The funding shortfall was deep despite a record-breaking 36 deals made in cleantech in 2023, worth $108 million, the report said, citing figures from the Canadian Venture Capital and Private Equity Association.
These risks are worth taking as the global clean energy industry reached US$1.77 trillion in 2023, according to a BloombergNEF report.
One of the main reasons Canadian cleantech firms have trouble raising funds is deceptively simple, according to Perry.
“The biggest hurdle that ventures face is finding that lead investor, so someone that can take it to seed stage understands the technology.”
This is more acute for hard tech firms (companies that produce products) versus software due to the higher costs involved in developing technology and in building prototypes and products.
“It’s that scale up of: ‘I’ve piloted my technology. I’ve done a demonstration. Now I have to build my first commercial-scale plant,’ and typically there’s a pretty large scale-up factor between demonstration to commercial scale from a technology point of view, and there’s not many funders out there: there’s definitely a gap,” Perry said.
Advantages of the Canadian funding ecosystem
However, the Canadian funding environment offers some advantages over other countries such as the U.S., according to Côté.
“There’s a lot of non-dilutive grants that are available to help us bridge some of the technical milestones and kind of de-risk the technology to try to get access to more dilutive capital," she said. "We’ve been lucky to attract both non-dilutive and dilutive capital from Quebec, mainly Investissement Québec, which is one of the largest investors in Quebec who have participated in our last round, and whom we’ve been lucky to work with."
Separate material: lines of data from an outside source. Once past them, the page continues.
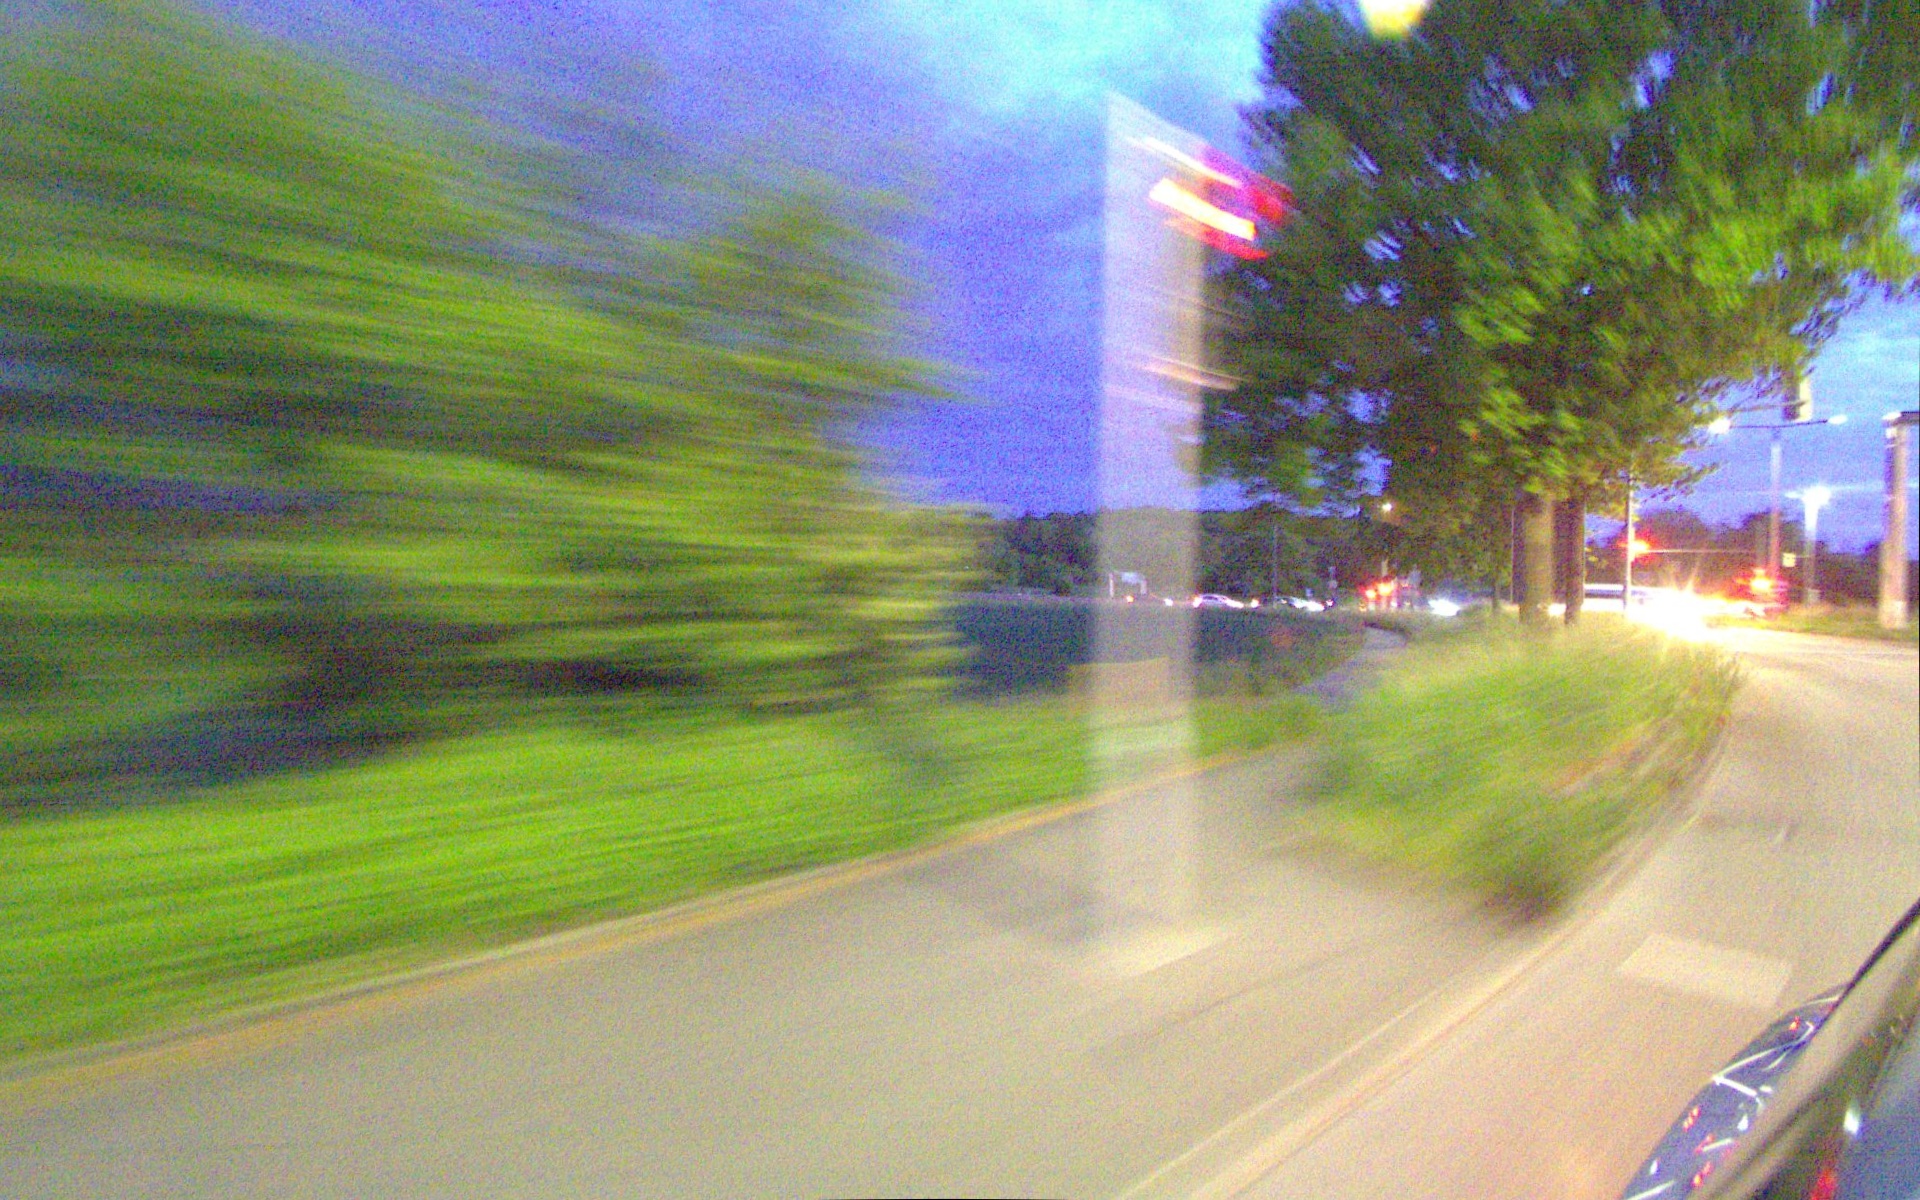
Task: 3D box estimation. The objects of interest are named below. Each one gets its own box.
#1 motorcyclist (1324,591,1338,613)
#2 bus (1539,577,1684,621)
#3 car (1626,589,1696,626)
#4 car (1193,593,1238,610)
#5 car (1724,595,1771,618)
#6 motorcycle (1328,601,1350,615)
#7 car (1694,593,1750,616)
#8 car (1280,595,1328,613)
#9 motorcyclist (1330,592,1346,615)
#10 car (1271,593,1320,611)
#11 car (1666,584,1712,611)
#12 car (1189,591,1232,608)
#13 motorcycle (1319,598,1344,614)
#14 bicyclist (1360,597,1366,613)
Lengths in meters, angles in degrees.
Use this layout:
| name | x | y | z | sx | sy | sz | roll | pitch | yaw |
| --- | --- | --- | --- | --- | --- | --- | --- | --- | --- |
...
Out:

Despite this success story, there are many hurdles for cleantech entrepreneurs, the report found. But the path is clear to solve at least some of these concerns.
One bright spot is involving more family foundations or family offices, according to Perry.
“So, think of either high-net worth individuals, family offices, foundations that aren’t putting that time constraint, and have the ability to be a bit more patient. We’re hoping that the report can inspire some of those folks up here in Canada to do the same.”
Some good news for Canadian cleantech
Serendipitously, some good news for the cleantech sector was recently announced.
“The day we released the report, the Weston Family Foundation, through Wittington Investments, actually released that they have a new innovation fund focused on pre-seed and seed, climate and health innovation, which is what we like to see: a family office that has a bit more of that patient capital,” Perry said.
International investors are also taking notice of what Canada has to offer.
“We hear a lot from our U.S. partners, investors, as well as outside, that Canadian founders are wicked smart. A lot of them really understand (and) have spent a lot of time on the technology.”
But Canadians' more demure nature is sometimes to our detriment, she said.
“Sometimes we tell (founders), they have to be a little bit more salesy, and more promotional, but there is a lot of humility that comes with Canadian founders that can definitely work in their favour as well,” Perry said.
Grants, networking are important factors
Governments also have a role to play, according to Côté.
“We’re seeing a lot of grants that are below $100,000 and that’s great to start but most of the time, several million are required to go from idea to commercialization, so definitely larger sized projects are needed.”
And don’t underestimate the power of networking, she said, which could help bridge the tech understanding gap.
“For more uncommon sources of climate technology — like cell-based milk for example — you really have to put your name out there . . . For us, it has made that world of difference to go out there and talk to as many people as we can because you never know who’s going to end up investing or supporting you down the line.”
“We’ve had some people who we met five years ago who are now getting interested to invest today, so you have to work on those relationships to get funding,” Côté said.